In [0]:
import numpy as np
import pandas as pd

In [0]:
movies = pd.read_csv("/content/drive/My Drive/datasets/movies.csv")
ratings = pd.read_csv("/content/drive/My Drive/datasets/ratings.csv")

In [0]:
ratings = ratings.drop(columns=['timestamp'])

In [0]:
count = len(ratings)
preferences = {}

In [0]:
ratings_array = ratings.values

In [0]:
for i in range(count):
  userId = ratings_array[i, 0]
  movieId = ratings_array[i, 1]
  rating = ratings_array[i, 2]
    
  if userId not in preferences.keys():
    preferences[userId] = {}
    
  preferences[userId][movieId] = rating

In [0]:
def sim_pearson(preferences, person1,person2):
    
  similarity = {}

  #getting similar movie watched

  for movie in preferences[person1]:
    if movie in preferences[person2]:
      similarity[movie] = 1

  if len(similarity) == 0:
    return 0

  sum1 = np.sum([preferences[person1][movie] for movie in similarity])
  sum2 = np.sum([preferences[person2][movie] for movie in similarity])

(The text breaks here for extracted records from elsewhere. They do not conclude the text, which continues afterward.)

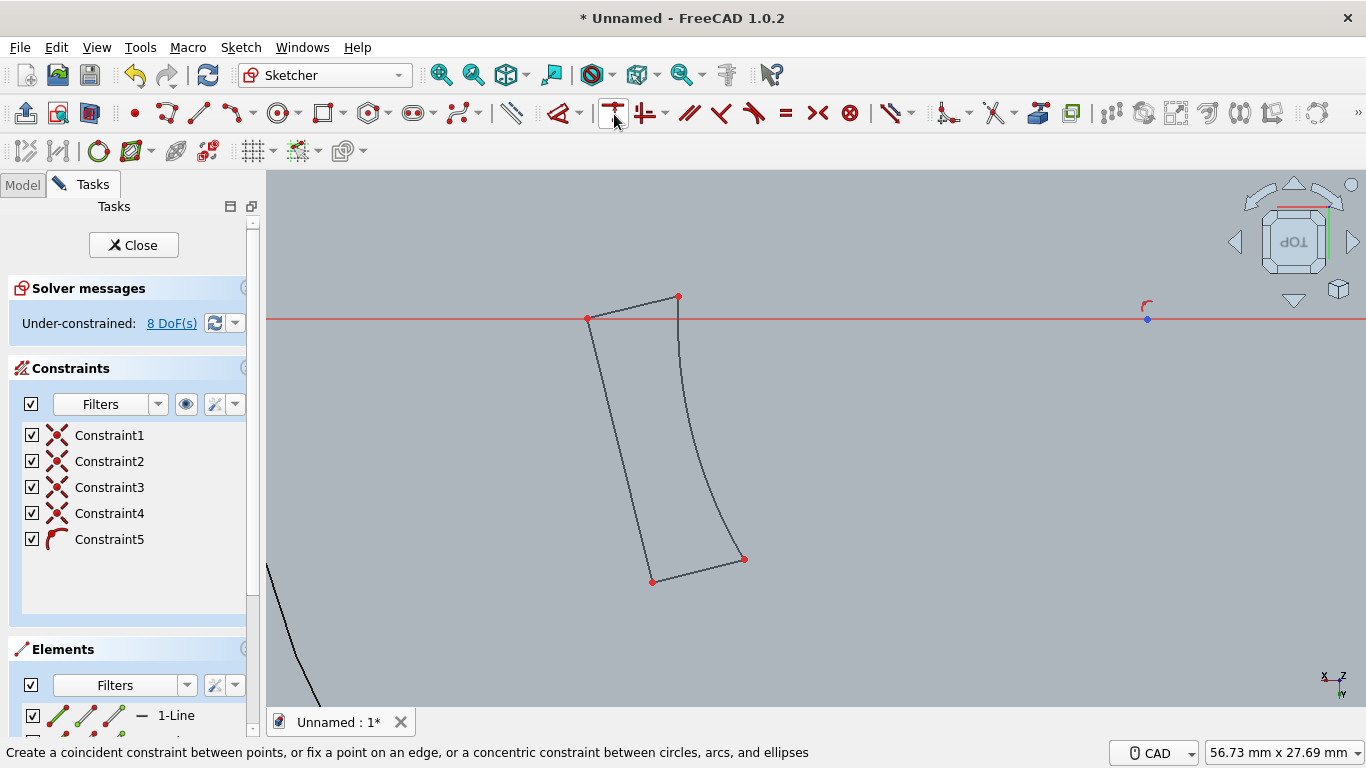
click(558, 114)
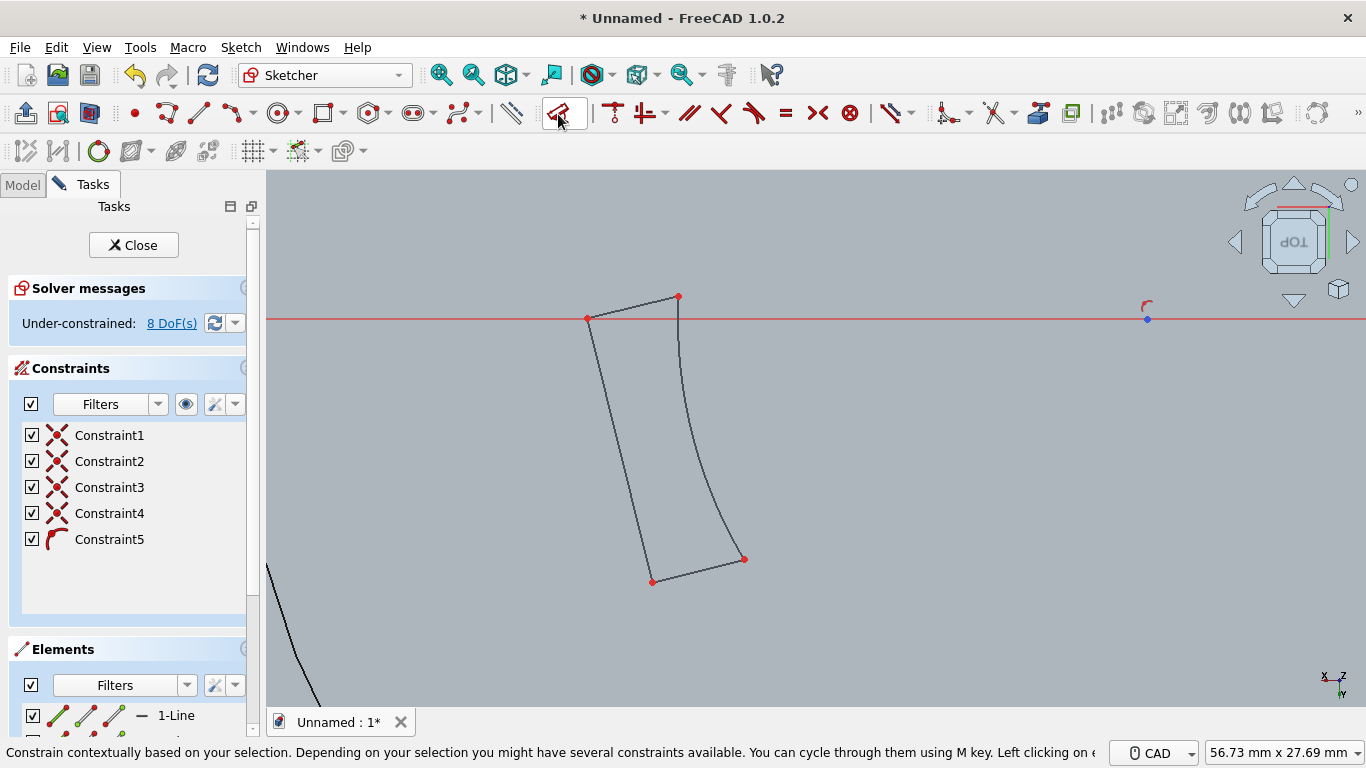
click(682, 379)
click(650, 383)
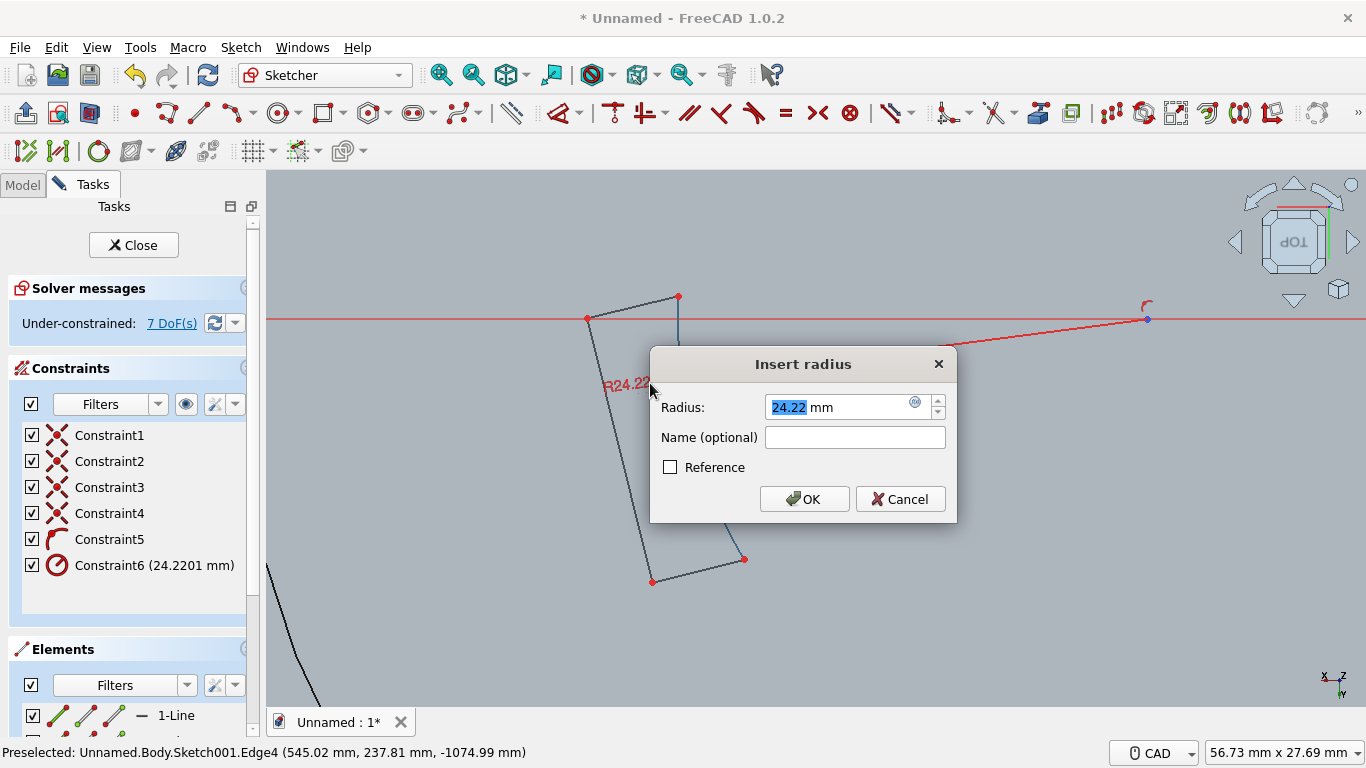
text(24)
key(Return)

  sum1sq = np.sum([np.power(preferences[person1][movie],2) for movie in similarity])
  sum2sq = np.sum([np.power(preferences[person2][movie],2) for movie in similarity])

  pSum = np.sum([preferences[person1][movie] * preferences[person2][movie] for movie in similarity])

  num = pSum - (sum1 * sum2/len(similarity))
  den = np.sqrt((sum1sq - np.power(sum1,2)/len(similarity))*(sum2sq - np.power(sum2,2)/len(similarity)))
  if den == 0:
    return 0

  r = num/den

  return r

In [0]:
def top_matches(preferences, person, n = 5, similarity = sim_pearson):
    
  scores = [(similarity(preferences,person,reviewer),reviewer) for reviewer in preferences if reviewer != person]

  scores.sort()
  scores.reverse()
  return scores[:n]

In [0]:
top_match = top_matches(preferences,1)

In [0]:
top_match

[(1.000000000000016, 550.0),
 (1.0, 598.0),
 (1.0, 333.0),
 (1.0, 146.0),
 (1.0, 106.0)]

In [0]:
def recommendations(preferences, person, similarity = sim_pearson):
  total = {}
  simsum = {}

  for reviwer in preferences:
    if reviwer == person:
      continue
    sim = similarity(preferences,person,reviwer)
      
    if sim <= 0:
      continue
    for movie in preferences[reviwer]:
          
      if movie not in preferences[person] or preferences[person][movie] == 0:
        total.setdefault(movie,0)
        total[movie] += preferences[reviwer][movie] * sim
              
        simsum.setdefault(movie,0)
        simsum[movie] += sim
              
  ranks = [(total/simsum[movie],movie) for movie,total in total.items()]

  ranks.sort()
  ranks.reverse()

  return ranks[:10],person

In [0]:
movies_array = movies.values

In [0]:
top_rec,user = recommendations(preferences,1)

In [0]:
movies_list = []

for i in top_rec:
    for j in range(len(movies_array)):
        if i[1] == movies_array[j][0]:
            movies_list.append(movies_array[j])

In [0]:
print("Top Recommendations for you:\n")
for i in movies_list:
  print(i[1])

Top Recommendations for you:

Rivers and Tides (2001)
Come and See (Idi i smotri) (1985)
Belle époque (1992)
Won't You Be My Neighbor? (2018)
Loving Vincent (2017)
Black Mirror
Bobik Visiting Barbos (1977)
In the blue sea, in the white foam. (1984)
On the Trail of the Bremen Town Musicians (1973)
Gena the Crocodile (1969)